The German invasion of Poland on September 1, 1939, had split the Eldan family. One branch fled to Paris, the other to Los Angeles. The Eldans of Paris perished during the Holocaust —a fact that remained a key source of distrust of European institutions for Eldan and as he grew up a devout faith for his home institutions.
Eldan saw Scheinermann as politically strong but morally weak. After failing twice to overthrow the current Majority Leader, Scheinermann was becoming erratic even in his moderate policies of progressive immigration. As he became politically inconsistent, he also opened the door, negotiating with reckless elected officials with all promises and no policy-driven agendas.

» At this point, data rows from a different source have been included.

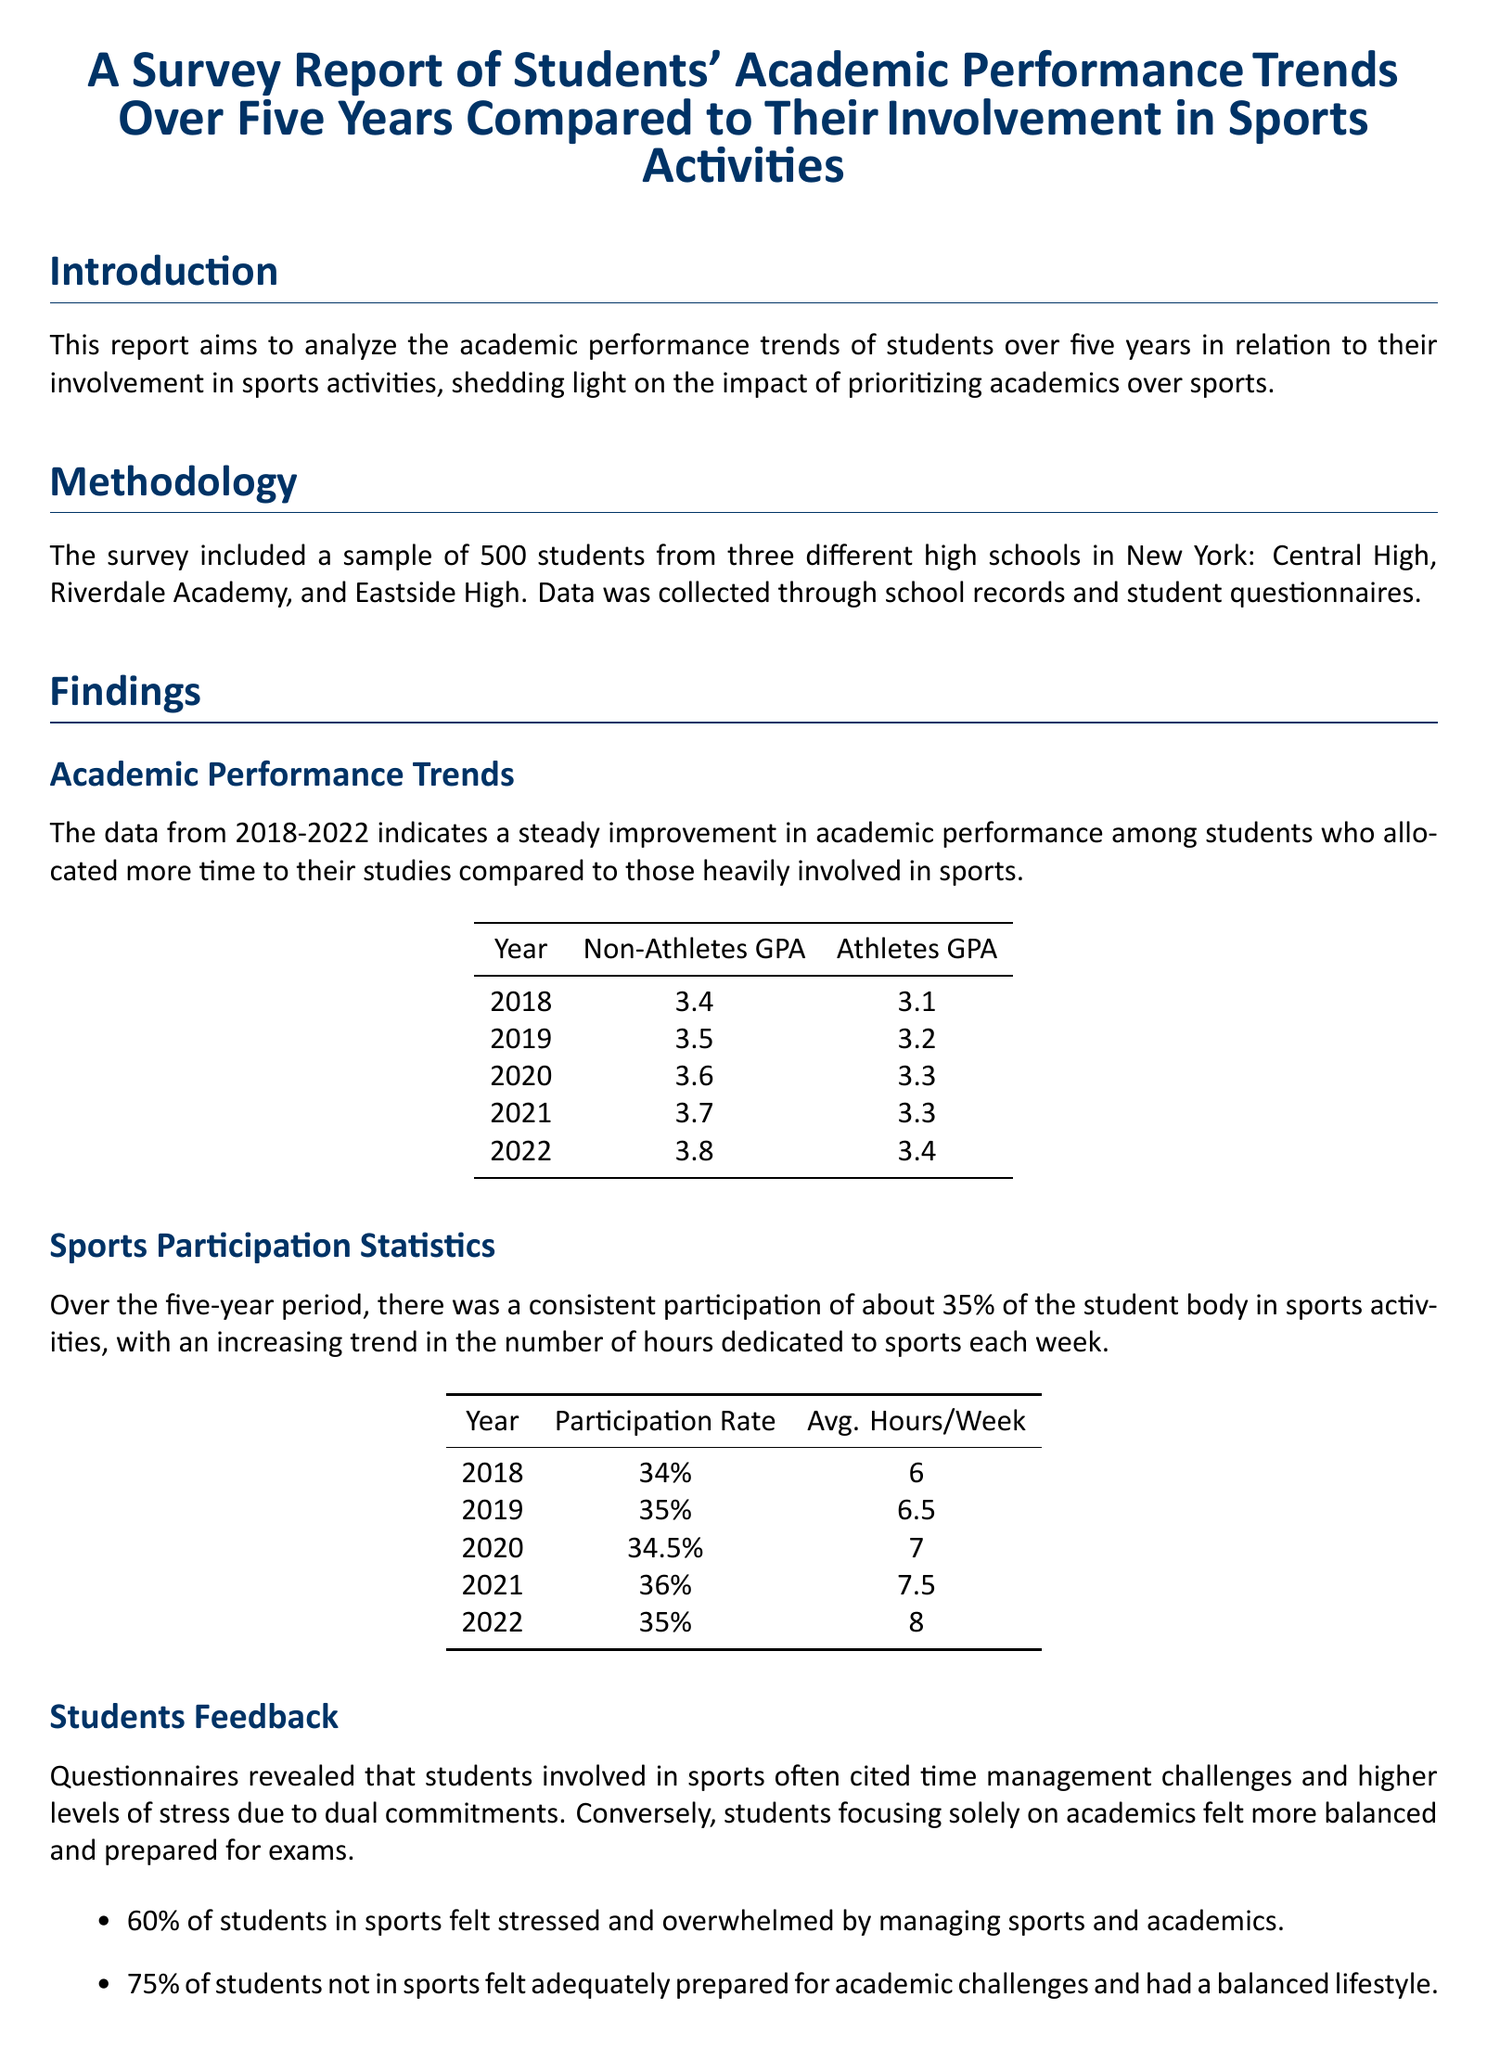What was the GPA of non-athletes in 2020? The GPA of non-athletes in 2020 is specifically listed in the findings table.
Answer: 3.6 What year had the highest GPA for athletes? The data shows the GPA trends for athletes over the years, indicating the highest value among them.
Answer: 2022 What percentage of students participated in sports in 2019? The participation rate for sports is detailed in the statistics table for each year, with 2019 being one of them.
Answer: 35% What was the average hours per week dedicated to sports in 2021? The entry for 2021 in the sports participation statistics table contains this specific detail.
Answer: 7.5 What percentage of students not in sports felt adequately prepared for academic challenges? The findings on student feedback reveal this percentage from the questionnaire responses.
Answer: 75% In which year did non-athletes outperform athletes in GPA by the largest margin? Calculating from the GPA trends table, this year shows the greatest difference between non-athletes and athletes.
Answer: 2018 What was a common feedback from students involved in sports? The report summarized student feedback highlighting specific sentiments from athletes.
Answer: Time management challenges Which high school had students surveyed? The introduction lists the names of the high schools from which the survey sample was taken.
Answer: Central High, Riverdale Academy, and Eastside High

All the while shunning his previous open access to progressive platforms, including expanded healthcare, free college education, a higher minimum wage, and green energy reform.
As Eldan sensed, Scheinermann’s ploy for the far more immediate concern was not to mitigate an increasingly volatile political landscape but to polarize it even more. To keep that from happening, Eldan needed to keep a working channel between Donamessi and Scheinermann. He knew all too well that as time passed, Scheinermann would forge closer ties with right-wing nationalist groups overseas, making it increasingly difficult to work with him on liberal and progressive agendas. But it was crucial that Donamessi—and the president—work with Scheinermann, because they needed his allies to back their legislative agendas.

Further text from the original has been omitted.